For $P := \sum_{e \in E} \alpha_e \prod_{i \in e} x_i$ define: $f_P := \bigwedge_{e \in E} C_e$ where $C_e := Y_e \Leftrightarrow \bigwedge_{i \in e} X_i$

$C_e$ can be encoded as the conjunction of:

$\bigvee_{i \in e} \neg X_i \vee Y_e$
$\neg Y_e \vee X_i$ for every $i \in e$

$f_P$ is naturally encoded as a CNF $F_P$ that preserves tree width.

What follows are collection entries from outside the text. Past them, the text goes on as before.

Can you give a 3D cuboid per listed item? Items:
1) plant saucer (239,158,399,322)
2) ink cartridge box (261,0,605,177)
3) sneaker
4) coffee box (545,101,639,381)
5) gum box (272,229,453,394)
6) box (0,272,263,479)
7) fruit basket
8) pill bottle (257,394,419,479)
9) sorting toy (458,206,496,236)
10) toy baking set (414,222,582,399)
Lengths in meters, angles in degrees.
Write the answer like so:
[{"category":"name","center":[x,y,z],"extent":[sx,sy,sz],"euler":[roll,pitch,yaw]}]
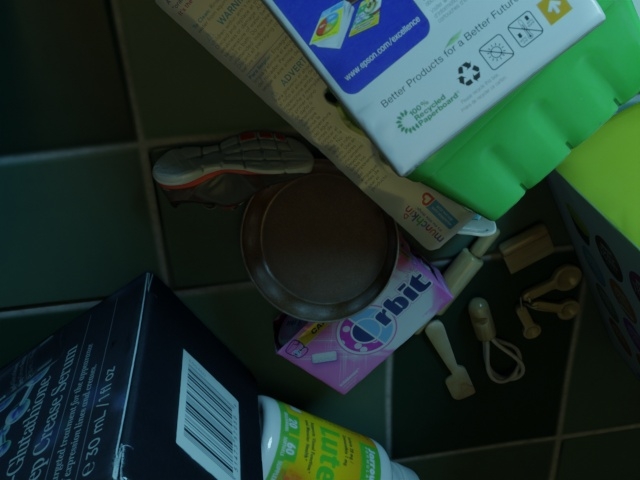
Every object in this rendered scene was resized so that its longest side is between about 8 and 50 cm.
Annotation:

Tractability of BPO via KC

Every known tractability for BPO can be recovered in our framework as follows:

Encode $P$ as a CNF formula $F_P$
Transform $F_P$ into a polynomial size tractable representation $C_P$ using known results
Solve AMC on $C_P$

And we get new tractability results!

Beyond BPO

KC approach very versatile:

Solve top-k BPO: find the $k$ best solutions of $P$ by finding the $k$ best in the circuit
Solve BPO + Cardinality constraints: $\max P(x_1,\dots,x_n)\ such\ that \sum_{i=1}^n x_i \in S$ where $S \subseteq [n]$ by transforming the circuit
Solve pseudo BPO: $P$ can contains monomial of the form $\prod_{i \in A} x_i \prod_{i \in B} (1-x_i)$

Conclusion

Connection between BPO and Boolean functions:

Recover known results and generalize them using the existing rich literature
Seems to have practical relevance

Perspective:

KC only exploits combinatorics of the underlying Boolean function. How could we mix existing more algebraic techniques?